2009-10-02 23:39:47 | 本と雑誌

 宮本常一氏の著作は、以前「忘れられた日本人」を読んだことがあります。

 本書は、昭和30年から55年の間に宮本氏が日本全国を巡って撮った約10万枚の写真の中から選ばれたものを、各年ごとに上下2巻にわたってまとめたものです。

 上巻巻末の田村善次郎氏の解説にあった、宮本氏のフィールドワークの基本姿勢についての紹介です。

 
(上 p248より引用) 一歩も二歩も踏み込まなければ撮れないカットは、9万枚とも10万枚とも云われる先生の写真の中には1枚もない。

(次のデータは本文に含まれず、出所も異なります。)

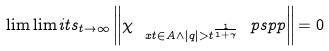Convert formula to latex. <formula><loc_0><loc_0><loc_500><loc_500>\lim \lim i t s _ { t \rightarrow \infty } \left \| \chi _ { \ x t \in A \wedge | q | > t ^ { \frac { 1 } { 1 + \gamma } } } \ p s p p \right \| = 0</formula> 
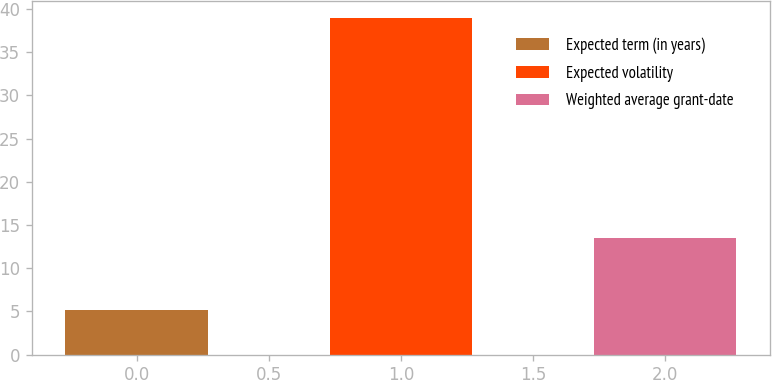Convert chart. <chart><loc_0><loc_0><loc_500><loc_500><bar_chart><fcel>Expected term (in years)<fcel>Expected volatility<fcel>Weighted average grant-date<nl><fcel>5.16<fcel>39<fcel>13.47<nl></chart> 
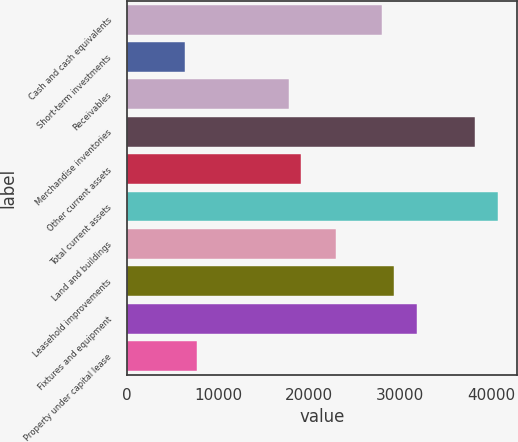Convert chart to OTSL. <chart><loc_0><loc_0><loc_500><loc_500><bar_chart><fcel>Cash and cash equivalents<fcel>Short-term investments<fcel>Receivables<fcel>Merchandise inventories<fcel>Other current assets<fcel>Total current assets<fcel>Land and buildings<fcel>Leasehold improvements<fcel>Fixtures and equipment<fcel>Property under capital lease<nl><fcel>28061.6<fcel>6381.5<fcel>17859.2<fcel>38264<fcel>19134.5<fcel>40814.6<fcel>22960.4<fcel>29336.9<fcel>31887.5<fcel>7656.8<nl></chart>

そう断言してよいだろう。
 「良い民俗調査をしようと思うのなら仲間になることである。君たちだって本当の仲間、友達には心をひらいて何でも見せるし、話もする。夜になれば泊まっていけともいうだろう。それを迷惑とは思わないはずだ」と私どもが何度も聞いた言葉である。

 
 本書に採録されている写真は、もちろん興味深いものばかりです。
 狭い国土を、その土地土地の気候風土に合わせて工夫し尽くした風景、海岸にまで迫る広島県呉市横島の段々畑や、珍しい香川県直島の枝条架式塩田・・・は、おそらく今はもう見られないでしょう。

 本書の楽しみは、それら貴重な写真に止まりません。
 数々の写真に添えられている宮本氏の著作からの引用が、その時代々々の空気を伝えています。

 たとえば、北海道利尻郡(利尻島)の昭和39年の街並みは、宮本氏にはこう映っていました。

 
(上 p235より引用) 島に来て見ると没落したのは少数のニシン建網業者であり、大半の島民は逆にその生産に生活にこれまで以上の工夫がなされ、この島を自分たちの安心して住める島にしようとの努力がうかがわれる

 
 また、福島県二本松市小浜の縁側のある民家の写真には、こう付されています。

 
(下 p214より引用) 縁側などというものは、一見不必要なもののようですが、それが日本人の生活にうるおいを与え、人と人とを仲よくさせた功績は実に大きかったと思います。が、これから先の家は、次第に縁が消えていくのではないかと思います

 
 まさに、その後の日本からは「縁」が消えていったのでした。

 私が生まれたのは昭和30年代半ばなので、同時代としての記憶にあるのは下巻(昭和40年~55年)の風景です。
 何枚かの写真に顔を出す雑種犬の姿に懐かしさを感じます。
 私の家の近所にも「アカ」という犬がいました。